§ ASSIGNMENT
Within this material, state how many lines include the string "give". Reply with the number only.

━━ SUPPLIED RECORDS

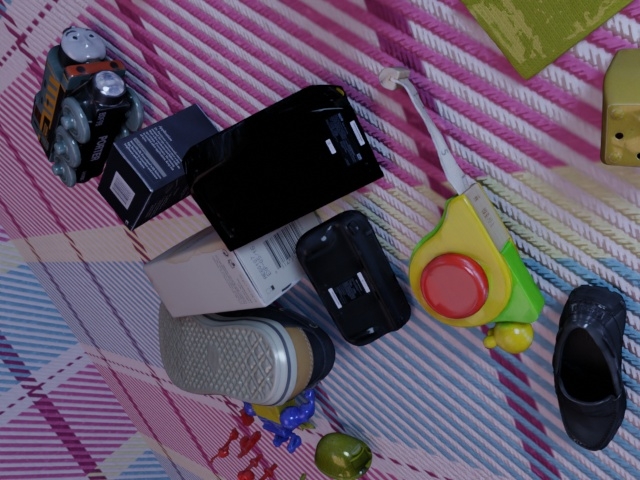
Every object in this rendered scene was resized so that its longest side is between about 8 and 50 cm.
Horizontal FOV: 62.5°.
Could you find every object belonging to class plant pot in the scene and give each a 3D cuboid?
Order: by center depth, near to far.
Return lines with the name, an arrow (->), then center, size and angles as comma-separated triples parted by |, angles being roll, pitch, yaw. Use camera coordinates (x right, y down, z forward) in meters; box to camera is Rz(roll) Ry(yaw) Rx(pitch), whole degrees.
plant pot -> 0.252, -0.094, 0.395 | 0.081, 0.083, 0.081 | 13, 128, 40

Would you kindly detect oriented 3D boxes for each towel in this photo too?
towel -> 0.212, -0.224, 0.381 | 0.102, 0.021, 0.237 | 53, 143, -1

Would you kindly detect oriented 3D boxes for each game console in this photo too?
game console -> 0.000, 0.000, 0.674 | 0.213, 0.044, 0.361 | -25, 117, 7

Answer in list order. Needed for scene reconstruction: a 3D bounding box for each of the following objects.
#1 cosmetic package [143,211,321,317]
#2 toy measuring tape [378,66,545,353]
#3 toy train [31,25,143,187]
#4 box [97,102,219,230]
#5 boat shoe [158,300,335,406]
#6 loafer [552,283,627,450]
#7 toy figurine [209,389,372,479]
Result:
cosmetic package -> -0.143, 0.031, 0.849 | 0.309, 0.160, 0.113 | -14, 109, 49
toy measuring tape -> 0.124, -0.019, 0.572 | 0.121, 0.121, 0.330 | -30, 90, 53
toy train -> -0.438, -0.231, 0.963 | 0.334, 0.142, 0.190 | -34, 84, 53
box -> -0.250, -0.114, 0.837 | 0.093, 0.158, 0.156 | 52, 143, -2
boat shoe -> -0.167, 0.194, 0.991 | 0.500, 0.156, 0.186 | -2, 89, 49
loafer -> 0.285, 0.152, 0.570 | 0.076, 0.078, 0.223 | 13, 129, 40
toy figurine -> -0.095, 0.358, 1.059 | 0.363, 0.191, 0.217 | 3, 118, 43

━━━━
━━ SUPPLIED RECORDS

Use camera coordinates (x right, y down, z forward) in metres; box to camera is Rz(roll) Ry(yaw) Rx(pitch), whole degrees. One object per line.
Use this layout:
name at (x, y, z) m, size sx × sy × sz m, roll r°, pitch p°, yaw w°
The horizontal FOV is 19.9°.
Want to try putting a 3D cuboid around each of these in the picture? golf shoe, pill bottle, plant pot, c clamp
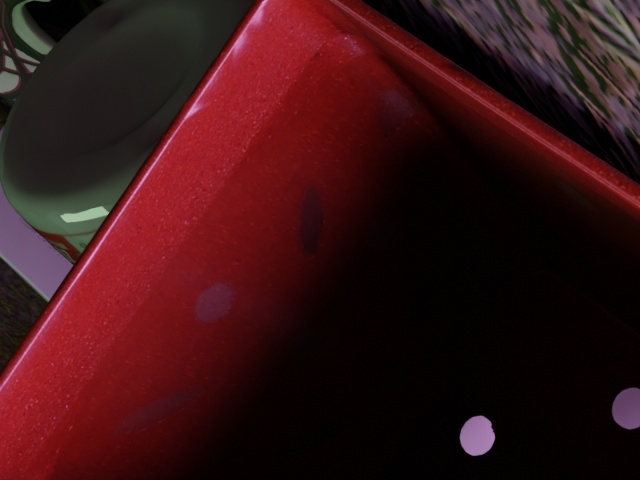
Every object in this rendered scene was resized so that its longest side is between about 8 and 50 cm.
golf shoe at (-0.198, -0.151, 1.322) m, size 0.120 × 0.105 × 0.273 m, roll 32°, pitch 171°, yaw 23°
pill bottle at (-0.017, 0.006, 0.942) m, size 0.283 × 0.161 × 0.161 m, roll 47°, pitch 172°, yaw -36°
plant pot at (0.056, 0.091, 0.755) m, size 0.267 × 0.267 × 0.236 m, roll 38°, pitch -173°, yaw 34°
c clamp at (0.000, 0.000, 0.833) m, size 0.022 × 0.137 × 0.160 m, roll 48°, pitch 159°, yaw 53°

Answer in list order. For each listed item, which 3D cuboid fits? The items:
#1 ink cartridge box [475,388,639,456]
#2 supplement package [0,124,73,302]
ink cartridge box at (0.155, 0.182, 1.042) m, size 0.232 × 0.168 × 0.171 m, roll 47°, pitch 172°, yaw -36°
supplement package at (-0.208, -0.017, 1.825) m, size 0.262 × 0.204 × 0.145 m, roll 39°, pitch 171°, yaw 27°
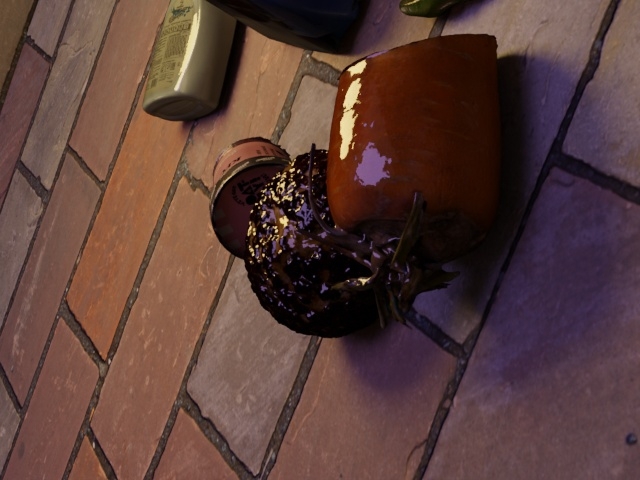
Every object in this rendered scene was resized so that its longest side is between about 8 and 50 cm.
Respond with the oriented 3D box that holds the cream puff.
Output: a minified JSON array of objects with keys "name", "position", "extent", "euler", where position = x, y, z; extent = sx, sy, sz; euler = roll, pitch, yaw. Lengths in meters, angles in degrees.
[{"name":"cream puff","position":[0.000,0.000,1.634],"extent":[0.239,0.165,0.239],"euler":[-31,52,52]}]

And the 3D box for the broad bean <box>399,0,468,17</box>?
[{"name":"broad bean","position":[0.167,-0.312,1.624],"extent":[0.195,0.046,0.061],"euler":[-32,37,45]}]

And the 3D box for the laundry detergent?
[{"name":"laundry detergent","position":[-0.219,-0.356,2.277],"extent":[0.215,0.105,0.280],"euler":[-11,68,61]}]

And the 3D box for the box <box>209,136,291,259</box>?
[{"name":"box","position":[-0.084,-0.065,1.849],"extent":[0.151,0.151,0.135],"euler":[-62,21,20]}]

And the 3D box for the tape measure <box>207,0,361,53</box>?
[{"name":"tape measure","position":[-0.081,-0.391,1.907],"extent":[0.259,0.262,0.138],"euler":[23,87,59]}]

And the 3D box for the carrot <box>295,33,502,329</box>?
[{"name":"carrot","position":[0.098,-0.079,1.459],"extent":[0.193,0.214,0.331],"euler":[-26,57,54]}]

━━━━
━━ SUPPLIED RECORDS

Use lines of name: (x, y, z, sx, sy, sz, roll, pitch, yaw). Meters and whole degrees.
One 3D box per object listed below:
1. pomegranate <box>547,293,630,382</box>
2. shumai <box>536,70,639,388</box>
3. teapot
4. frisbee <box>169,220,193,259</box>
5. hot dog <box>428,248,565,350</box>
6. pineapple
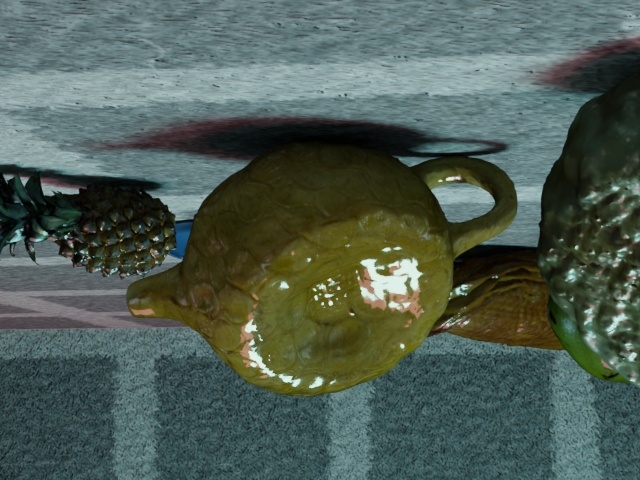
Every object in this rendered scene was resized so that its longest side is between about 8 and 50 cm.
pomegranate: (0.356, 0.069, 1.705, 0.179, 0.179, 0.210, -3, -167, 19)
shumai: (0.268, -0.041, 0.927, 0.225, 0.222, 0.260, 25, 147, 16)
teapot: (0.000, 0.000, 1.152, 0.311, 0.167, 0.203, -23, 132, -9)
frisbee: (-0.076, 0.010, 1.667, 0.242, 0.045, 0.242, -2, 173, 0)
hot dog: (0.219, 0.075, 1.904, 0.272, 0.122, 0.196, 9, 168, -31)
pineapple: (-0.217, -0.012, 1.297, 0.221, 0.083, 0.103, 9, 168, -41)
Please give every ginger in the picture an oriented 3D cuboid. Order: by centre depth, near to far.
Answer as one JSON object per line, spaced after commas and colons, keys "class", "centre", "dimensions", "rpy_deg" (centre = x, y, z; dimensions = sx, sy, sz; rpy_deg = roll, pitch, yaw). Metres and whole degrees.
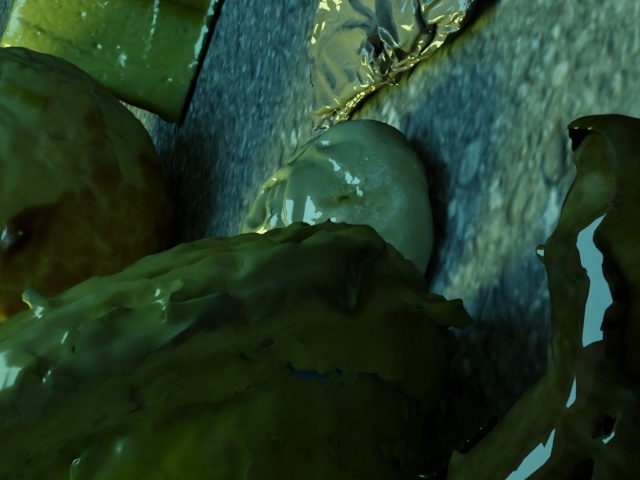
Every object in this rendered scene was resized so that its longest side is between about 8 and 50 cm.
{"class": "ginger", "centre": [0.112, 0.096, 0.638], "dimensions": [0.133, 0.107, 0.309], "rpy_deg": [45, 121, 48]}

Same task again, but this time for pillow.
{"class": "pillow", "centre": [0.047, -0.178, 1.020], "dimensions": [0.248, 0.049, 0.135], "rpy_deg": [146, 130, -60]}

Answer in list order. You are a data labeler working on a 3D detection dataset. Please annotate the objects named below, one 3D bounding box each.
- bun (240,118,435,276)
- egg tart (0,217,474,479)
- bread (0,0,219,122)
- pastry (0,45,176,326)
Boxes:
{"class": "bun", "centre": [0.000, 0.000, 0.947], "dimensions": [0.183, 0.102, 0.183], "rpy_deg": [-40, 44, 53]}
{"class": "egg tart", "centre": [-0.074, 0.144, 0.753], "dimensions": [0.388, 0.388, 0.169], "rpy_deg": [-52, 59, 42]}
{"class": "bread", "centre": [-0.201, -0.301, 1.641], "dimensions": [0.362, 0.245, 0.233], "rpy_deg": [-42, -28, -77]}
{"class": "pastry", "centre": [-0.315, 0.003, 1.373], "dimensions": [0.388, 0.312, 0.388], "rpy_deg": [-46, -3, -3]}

━━━━

§ EXPECTED ANSWER
2